Your First Race … It’s Time, Tiger!

4 months ago | Words: Andy Wigan | Photos: Donat O'Kelly, Sal Aloisio

Why do most people ride their dirt bike, but never race it? Because stepping up from casual rider to dog-eat-dog racer would take the fun out of it, right? Or would it? What if you could get a taste of racing by joining your mates on a team and racing purely for fun? What if racing actually turned out to be more fun than riding?
Well, consider the five main reasons why Transmoto Enduro events attract more first-time racers than any other event in the country…


Race it or ride it; run a motocross weapon or trail sled; fly in and fly out or make a weekend’s surf-and-moto roadtrip out of it with your mates … take your pick. At Transmoto Enduro events, people take the racing as seriously or lightheartedly as they want to. All the organisers want to know is that they’re enjoying themselves. After all, “It’s the vibe of the thing”. It’s all about fun, not officialdom; about back-slappin’, high-fivin’, trash-talkin’, roost-throwin’, road-trippin’, campfire-yarnin’, mate-racin’, fun-lovin’ good times. That’s why these events usually sell out overnight.

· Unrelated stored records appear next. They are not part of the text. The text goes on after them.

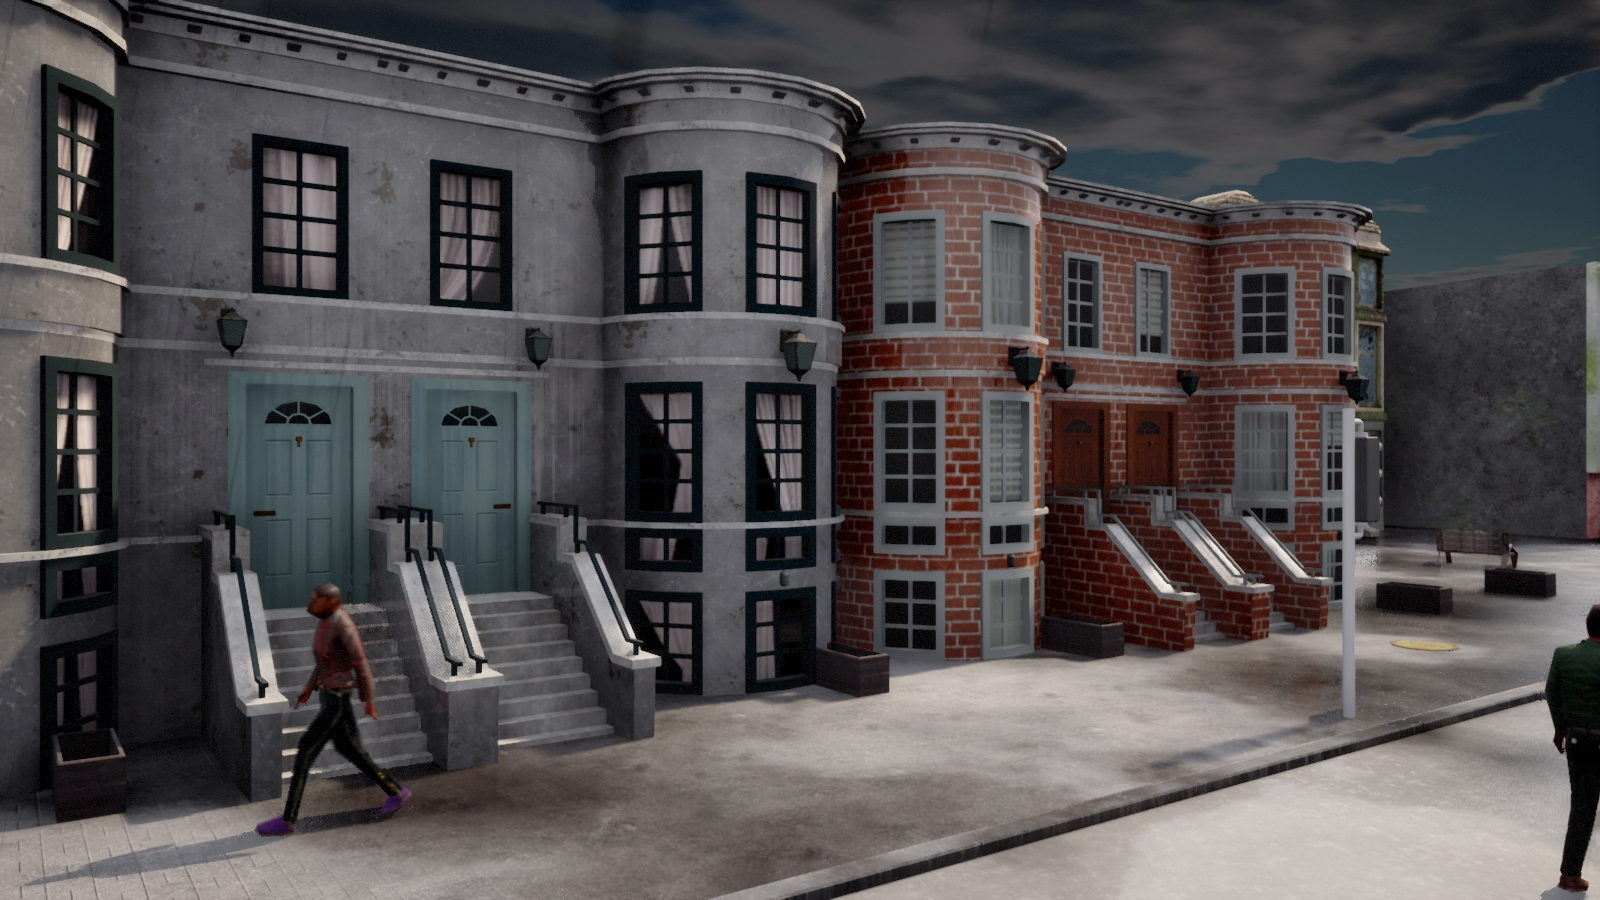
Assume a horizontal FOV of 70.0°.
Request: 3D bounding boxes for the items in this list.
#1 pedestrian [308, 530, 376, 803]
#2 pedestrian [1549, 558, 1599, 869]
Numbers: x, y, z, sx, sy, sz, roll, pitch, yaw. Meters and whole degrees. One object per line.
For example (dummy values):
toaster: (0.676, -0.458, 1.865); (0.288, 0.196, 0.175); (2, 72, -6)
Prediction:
pedestrian: (-3.287, 1.524, 8.199); (0.375, 1.860, 0.375); (0, 0, -35)
pedestrian: (5.006, 1.628, 7.166); (0.375, 1.860, 0.375); (0, 0, -23)
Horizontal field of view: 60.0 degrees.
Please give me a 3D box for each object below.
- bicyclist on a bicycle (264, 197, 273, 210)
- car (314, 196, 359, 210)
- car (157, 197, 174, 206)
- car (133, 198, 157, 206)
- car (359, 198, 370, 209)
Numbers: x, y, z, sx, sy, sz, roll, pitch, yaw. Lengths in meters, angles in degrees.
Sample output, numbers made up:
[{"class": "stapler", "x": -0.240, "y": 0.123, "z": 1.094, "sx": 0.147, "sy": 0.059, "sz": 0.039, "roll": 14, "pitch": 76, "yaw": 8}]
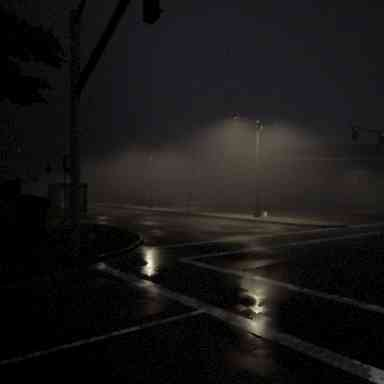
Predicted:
[{"class": "bicyclist on a bicycle", "x": 9.566, "y": 1.436, "z": 41.967, "sx": 1.656, "sy": 1.620, "sz": 0.582, "roll": -6, "pitch": -7, "yaw": -36}, {"class": "car", "x": 17.138, "y": 1.302, "z": 40.303, "sx": 2.242, "sy": 1.667, "sz": 4.611, "roll": 0, "pitch": 0, "yaw": -35}, {"class": "car", "x": -4.940, "y": 1.553, "z": 54.991, "sx": 2.033, "sy": 1.411, "sz": 5.357, "roll": 0, "pitch": 0, "yaw": -35}, {"class": "car", "x": -7.811, "y": 1.569, "z": 52.989, "sx": 1.994, "sy": 1.385, "sz": 4.181, "roll": 0, "pitch": 0, "yaw": -35}, {"class": "car", "x": 21.415, "y": 1.464, "z": 44.215, "sx": 1.970, "sy": 1.475, "sz": 3.806, "roll": 0, "pitch": 0, "yaw": -35}]

Racing solo can be intimidating, especially if you’re new to it. Racing as part of a multi-rider team, on the other hand, means you’ve got a ready-made support network in your corner. You can even share one (or all) of your teammate’s bikes, if they’re up for it. Even though it may technically be a six-, eight- or 12-hour race, there’s a few of you to carry the racing load, which means you’ve got time off the bike to enjoy your surroundings. Meet the crew in the neighbouring pit plot. Indulge in a hand or forearm massage. Steal a cheeky snooze. Cruise trade alley. Wander over to the far side of the pits to suss out that tricky corner. Take a squiz at how the team is going on the timing screen (if that even matters to you). In short, enjoy the experience; the race that doesn’t feel like a race. We suspect this is exactly why, for half the entrants at every Transmoto event, it’ll be the only race they enter all year. If your team rides like a busted arse, you’ve got the perfect excuse: simply blame your sluggish teammates for finishing way down the results sheet. If you end up killing it, then remind everyone how you carried those bozo teammates of yours to a better-than-expected result. Either way, you win … until you realise no one even cares where the team finished.


The events’ 15km-long race loops intentionally don’t include extreme obstacles. Sure, depending on the venue, there’s the odd creek crossing or rocky hill or rough section, but the courses are designed to challenge riders’ endurance, not their obstacle-conquering skills. Each loop includes multiple areas where fast guys can pass slower riders safely, and any technical sections have a ‘chicken line’ for those who don’t feel quite up to the task. Admittedly, the courses do get pretty rough by the end of the event, but as track deterioration is a gradual process, you get the chance to adapt and adjust your suspension clickers accordingly (if you’re that serious). Either that or put your feet up in the pits and send a teammate back out to face the bumpy music. A majority of riders sign up as a ‘Weekend Warrior’ team, which reflects the fact a majority pay for their bikes, parts, gear, travel costs and race entries in cold hard cash, and like nothing more than simply getting out there and tearing around on their bikes with their mates on the weekend. It’s the Weekend Warriors who get the brightest media spotlight and biggest prize bootie.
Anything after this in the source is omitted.